Derdiarian v. Felix Contracting Corp.
51 N.Y.2d 308, 434 N.Y.S.2d 166, 414 N.E.2d 666 (1980)
- Felix was installing a gas main, and had subcontracted to Bayside who required a kettle of boiling enamel. Derdiarian was a Bayside employee in charge of the kettle. Against Derdiarian’s wishes, Felix put the kettle at the edge of the construction site, near a road. There was only a small wooden fence stopping people from crashing into the kettle.
- Along came Dickens who negligently drove his car through the fence and into the kettle, spilling it all over Derdiarian.
- Derdiarian sued Dickens, Felix, and Consolidated Edison (the owners of the gas main).
- The Trial Court found for Derdiarian. Felix appealed.
- Derdiarian argued that Felix had provided an unsafe work site.
- An expert witness testified that the small fence was not the usual and accepted method for safeguarding workers in a construction zone.
- In addition, Felix was in violation of local ordinances for safety issues.
- Felix argued that it was a freak accident brought about solely by Dickens’ negligence and there was no causal link between Felix’s safety violations and the accident.
- The Appellate Court affirmed.
- The Appellate Court found that the plaintiff must generally show that the defendant’s negligence was a substantial cause of the events which produced the injury. However, the plaintiff does not need to demonstrate that the specific events of the accident were foreseeable.
- The Appellate Court found that, where there is an intervening act, (in this case Dicken’s driving), only acts which operate upon but do not flow from the original negligence reduce liability.
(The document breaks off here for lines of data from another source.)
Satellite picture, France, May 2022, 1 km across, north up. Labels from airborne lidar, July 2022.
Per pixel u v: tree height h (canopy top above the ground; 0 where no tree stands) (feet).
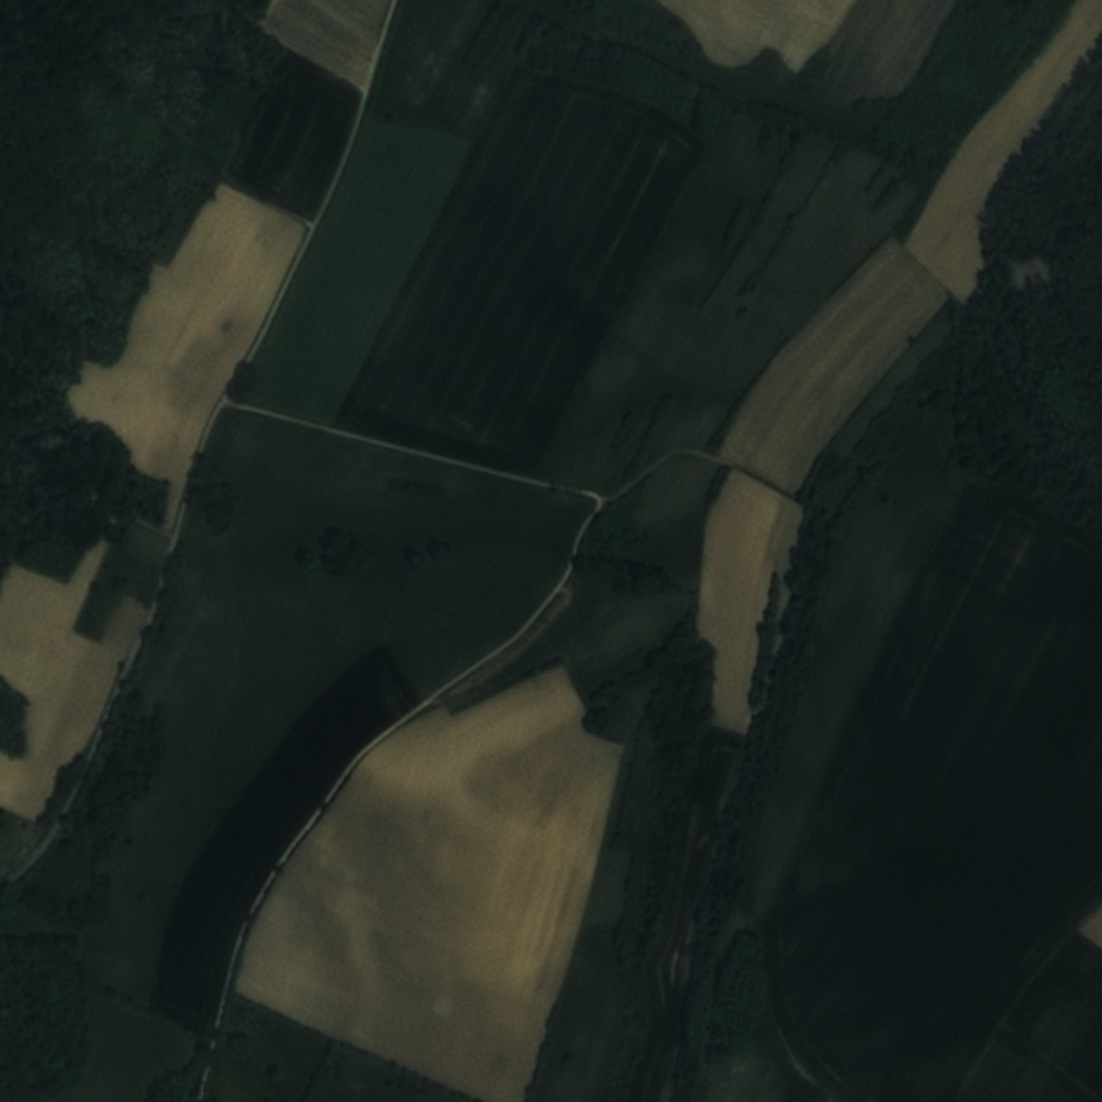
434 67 0
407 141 0
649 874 21
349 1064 0
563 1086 0
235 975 19
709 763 0
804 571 53
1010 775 0
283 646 0
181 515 0
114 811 34
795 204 0
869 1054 0
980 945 0
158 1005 0
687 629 25
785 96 0
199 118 56
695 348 0
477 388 0
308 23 0
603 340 0
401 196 0
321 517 0
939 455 0
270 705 0
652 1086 0
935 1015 0
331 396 0
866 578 0
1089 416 66
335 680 0
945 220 0
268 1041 0
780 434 0
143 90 66
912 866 0
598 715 42
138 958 0
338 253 0
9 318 94
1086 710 0
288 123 0
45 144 83
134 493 52
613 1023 0
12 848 0
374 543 0
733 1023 70
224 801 0
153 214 54
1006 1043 0
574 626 0
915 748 0
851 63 0
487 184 0
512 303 0
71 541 81
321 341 0
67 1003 56
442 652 0
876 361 0
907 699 0
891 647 0
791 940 0
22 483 57
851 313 0
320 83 0
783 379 0
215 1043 39
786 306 0
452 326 0
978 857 0
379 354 0
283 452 0
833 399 0
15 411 23
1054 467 52
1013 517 0
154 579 0
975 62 40
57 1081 62
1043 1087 0
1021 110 0
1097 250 77
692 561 0
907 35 0
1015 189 55
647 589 48
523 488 0
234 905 0
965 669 0
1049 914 0
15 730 56
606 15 36
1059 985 0
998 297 38
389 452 0
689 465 0
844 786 0
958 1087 0
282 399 0
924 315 0
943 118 24
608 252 0
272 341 0
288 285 0
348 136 0
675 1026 0
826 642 0
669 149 0
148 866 0
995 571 0
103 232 86
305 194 0
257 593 0
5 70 89
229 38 94
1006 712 0
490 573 0

- For example. If a car manufacturer makes a faulty trunk lock, and the trunk pops open and the driver stops to close it, and is hit by another car, the car manufacture would not be liable for negligence. (See Ventricelli v. Kinney System Rent a Car, Inc. (383 N.E.2d 1149 (1978))).
- In this case though, the Appellate Court thought it was entirely foreseeable that a drive could crash through the fence, so even though there was such an intervening act, they are still liable.
- Basically, the Appellate Court is saying that Dicken’s negligence was not a superseding cause which interrupted the link between Felix’s negligence and Derdiarian’s injuries.
- See Sheehan v. City of New York (354 N.E.2d 832 (1976)), which had almost the opposite ruling.